BNN Mataram Rehabilitasi 100 Pecandu Narkoba Hingga Juni 2025
Mataram, Lomboklite.com – Badan Narkotika Nasional (BNN) Kota Mataram, Nusa Tenggara Barat, mencatatkan prestasi dengan berhasil merehabilitasi 100 pecandu narkoba hingga Juni 2025.
Angka ini melampaui target awal yang ditetapkan, yaitu 75 orang, menunjukkan komitmen kuat dalam memerangi penyalahgunaan narkotika di wilayah ini.
Kepala BNN Kota Mataram, Kombes Pol Yuanita Amelia Sari, menjelaskan bahwa mayoritas pecandu yang direhabilitasi berusia produktif, yakni antara 15 hingga 50 tahun.
"Kebanyakan dari mereka adalah pelajar SMA, mahasiswa, dan pekerja swasta," ujar Yuanita dalam wawancara di Mataram, Jumat (27/6/2025). Program rehabilitasi ini menitikberatkan pada pendekatan rawat jalan untuk kategori ringan, dengan delapan sesi konseling intensif.
Fokus pada Wilayah Rawan
BNN Mataram juga mengidentifikasi tiga kelurahan yang masuk kategori rawan peredaran narkoba: Karang Taliwang, Dasan Agung, dan Abian Tubuh. Meski kasus di Karang Taliwang mulai menurun, Yuanita menegaskan bahwa pencegahan tetap menjadi prioritas.
"Kami gencar melakukan sosialisasi P4GN (Pencegahan, Pemberantasan, Penyalahgunaan, dan Peredaran Gelap Narkotika) di kawasan pesisir seperti Ampenan agar tidak masuk zona merah," katanya.
Wilayah rawan ini ditandai dengan kepadatan penduduk, tingginya kasus penyalahgunaan, serta sarana dan prasarana yang belum memadai. Untuk itu, BNN bekerja sama dengan Pemerintah Kota Mataram untuk mendata dan menata ulang wilayah-wilayah tersebut guna mencegah eskalasi masalah.
Rehabilitasi yang Humanis
Program rehabilitasi BNN Mataram tidak hanya berfokus pada penyembuhan fisik, tetapi juga perubahan lingkungan sosial. "Pecandu kategori ringan menjalani rawat jalan agar tetap bisa beraktivitas.
Namun, mereka harus menjauhi lingkaran lama yang terkait narkoba," jelas Yuanita. Untuk kasus sedang dan berat, BNN bekerja sama dengan Rumah Sakit Jiwa Mutiara Sukma NTB dan pusat rehabilitasi di Lido, Bogor.
Hingga kini, sepertiga dari 100 pecandu yang direhabilitasi masih menjalani proses pemulihan.
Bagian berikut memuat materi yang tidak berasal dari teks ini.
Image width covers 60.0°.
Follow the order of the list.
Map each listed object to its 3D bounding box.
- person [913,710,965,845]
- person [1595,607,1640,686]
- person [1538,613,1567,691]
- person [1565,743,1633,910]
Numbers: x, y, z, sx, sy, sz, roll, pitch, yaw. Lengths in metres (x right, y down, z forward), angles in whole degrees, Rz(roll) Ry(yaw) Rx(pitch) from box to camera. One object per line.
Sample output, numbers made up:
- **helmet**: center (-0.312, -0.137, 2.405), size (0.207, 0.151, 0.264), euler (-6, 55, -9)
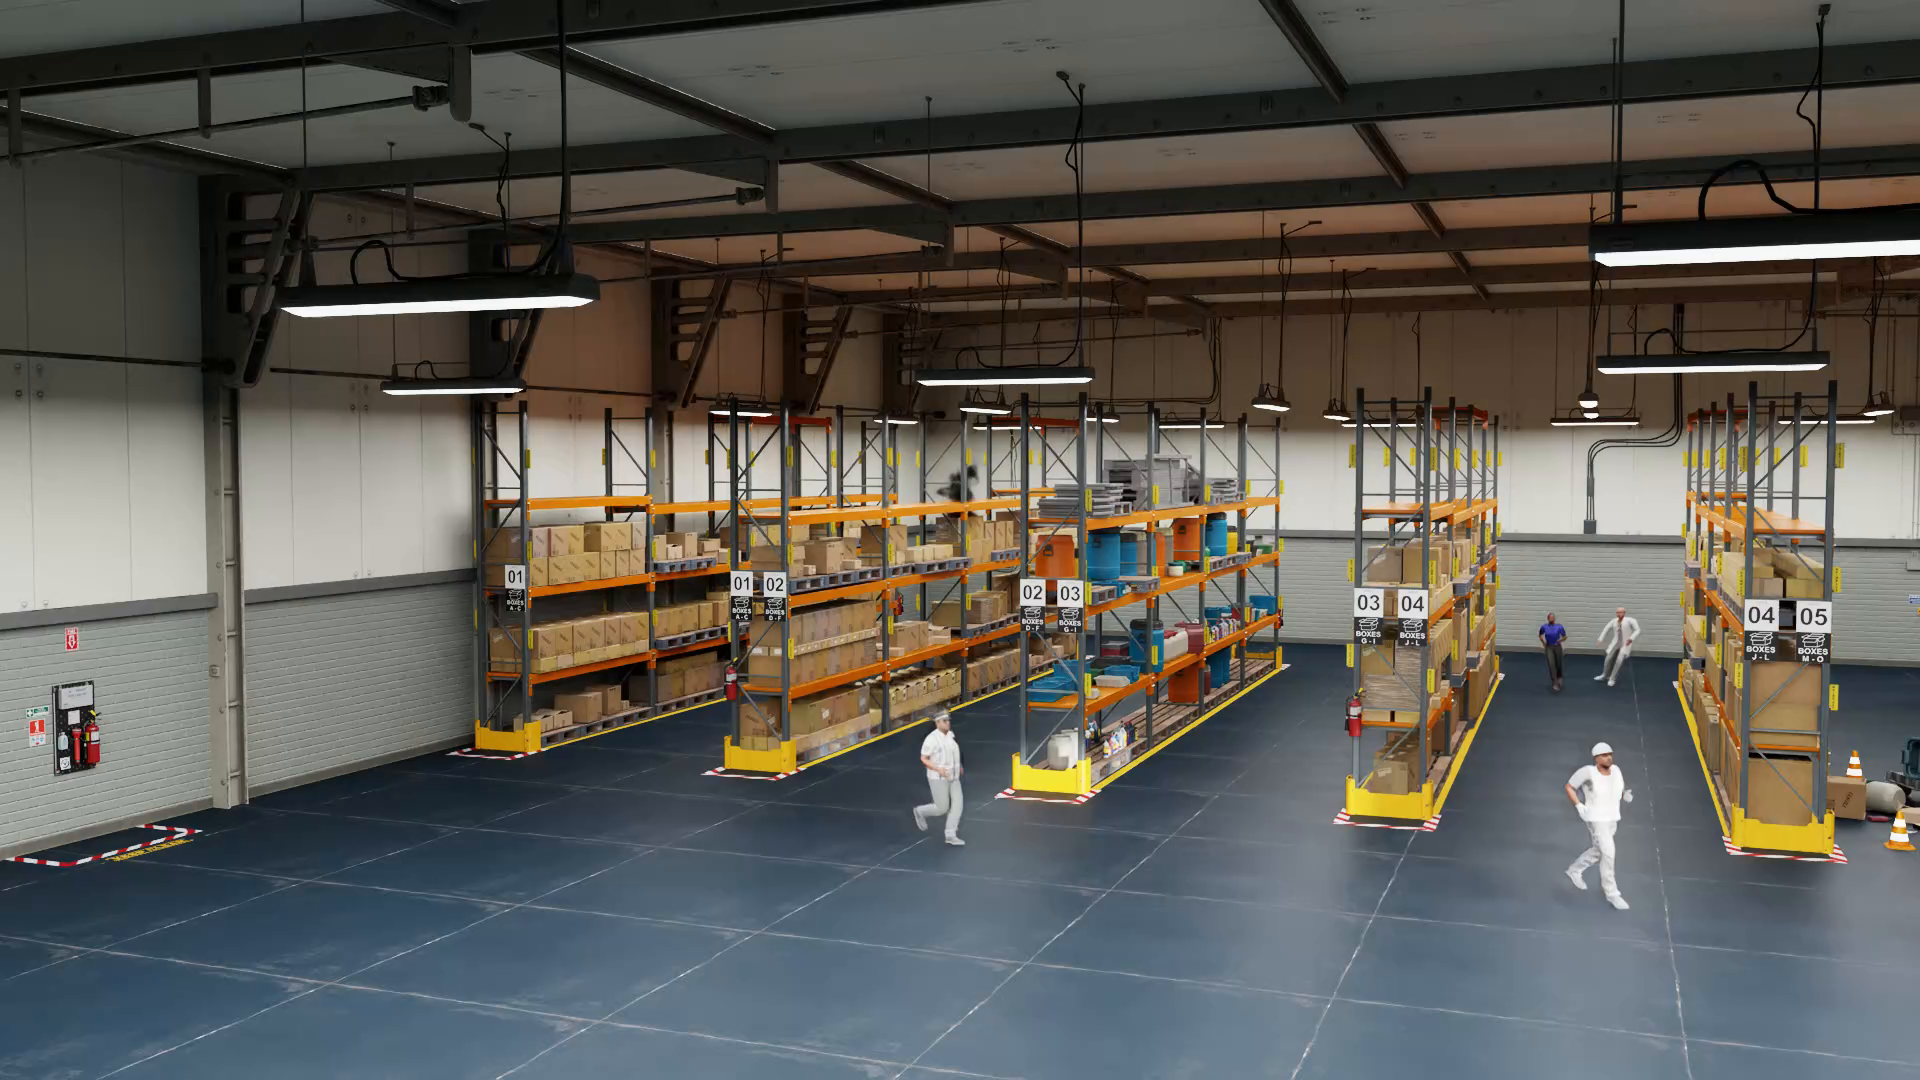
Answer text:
- **person**: center (-0.228, 3.073, 21.676), size (0.798, 1.746, 0.663), euler (3, 4, 42)
- **person**: center (14.548, 2.347, 36.905), size (0.978, 1.728, 0.786), euler (3, 4, 43)
- **person**: center (12.930, 2.420, 36.279), size (0.591, 1.670, 0.833), euler (1, 3, 17)
- **person**: center (7.277, 3.185, 18.839), size (0.662, 1.804, 0.891), euler (-1, 3, -27)
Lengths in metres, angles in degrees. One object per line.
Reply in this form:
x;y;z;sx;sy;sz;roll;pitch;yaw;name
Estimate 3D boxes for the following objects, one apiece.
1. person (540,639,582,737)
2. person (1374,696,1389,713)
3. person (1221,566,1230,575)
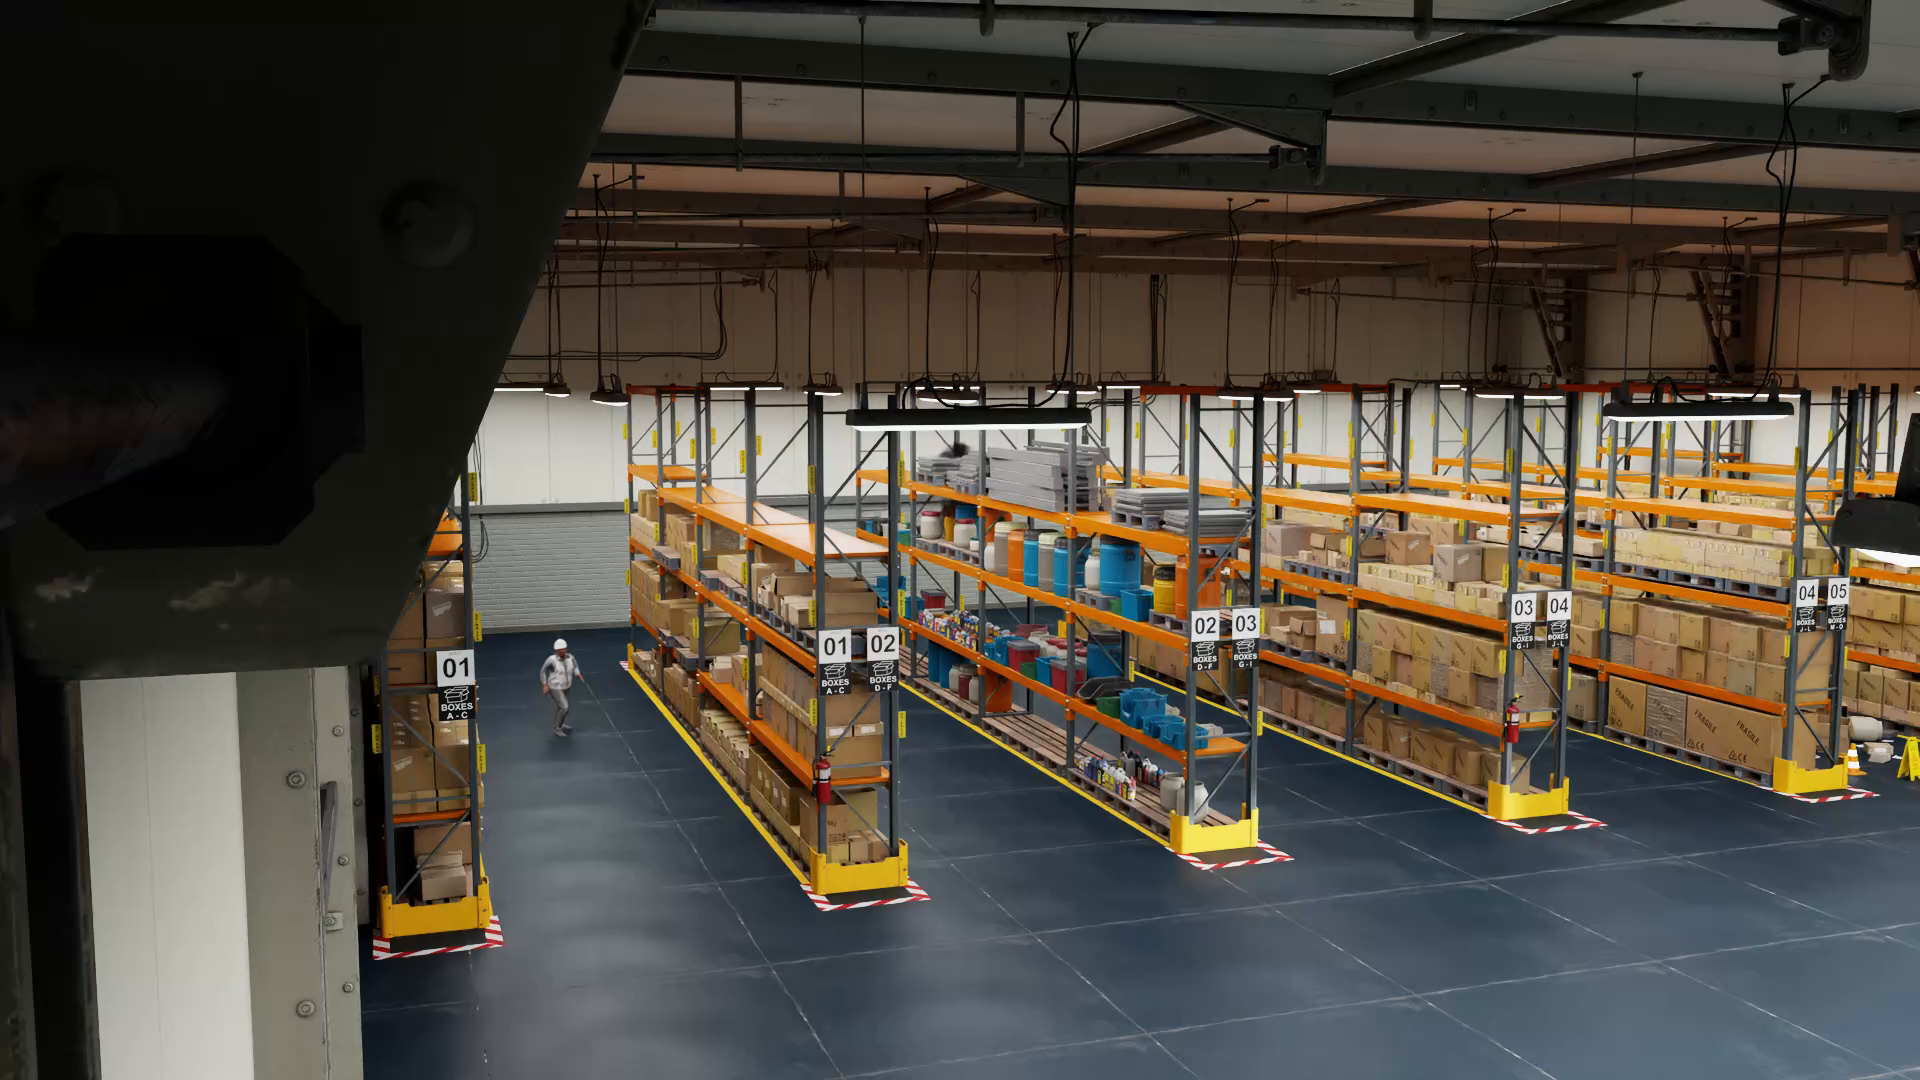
-6.857;2.551;28.750;0.827;1.738;0.654;3;7;29;person
7.816;2.438;30.180;0.694;1.546;1.079;-1;6;-12;person
6.560;1.277;41.066;0.577;1.695;0.657;4;7;32;person

Yuanita optimistis jumlah ini akan bertambah hingga akhir 2025 seiring meningkatnya kesadaran masyarakat untuk memilih rehabilitasi ketimbang hukuman.
"Rehabilitasi bukan sekadar penyembuhan, tapi juga mengembalikan mereka ke kehidupan normal di masyarakat," tambahnya.
Kolaborasi Multipihak
Pemkot Mataram turut mendukung upaya BNN melalui pendataan wilayah rawan dan kampanye anti-narkoba. Sementara itu, BNN terus memperluas edukasi melalui Satgas Anti-Narkoba dan kader rehabilitasi yang mengajak warga untuk tidak takut melapor.
"Kami ingin hapus stigma bahwa rehabilitasi di BNN berujung penjara. Ini soal penyembuhan dan masa depan yang lebih baik," tegas Yuanita.
Dengan kolaborasi yang kuat antara BNN, pemerintah daerah, dan masyarakat, Mataram berupaya menuju kota yang bersih dari narkoba, sejalan dengan visi Indonesia Emas 2045. Upaya ini menjadi langkah nyata dalam memutus rantai peredaran narkotika di NTB.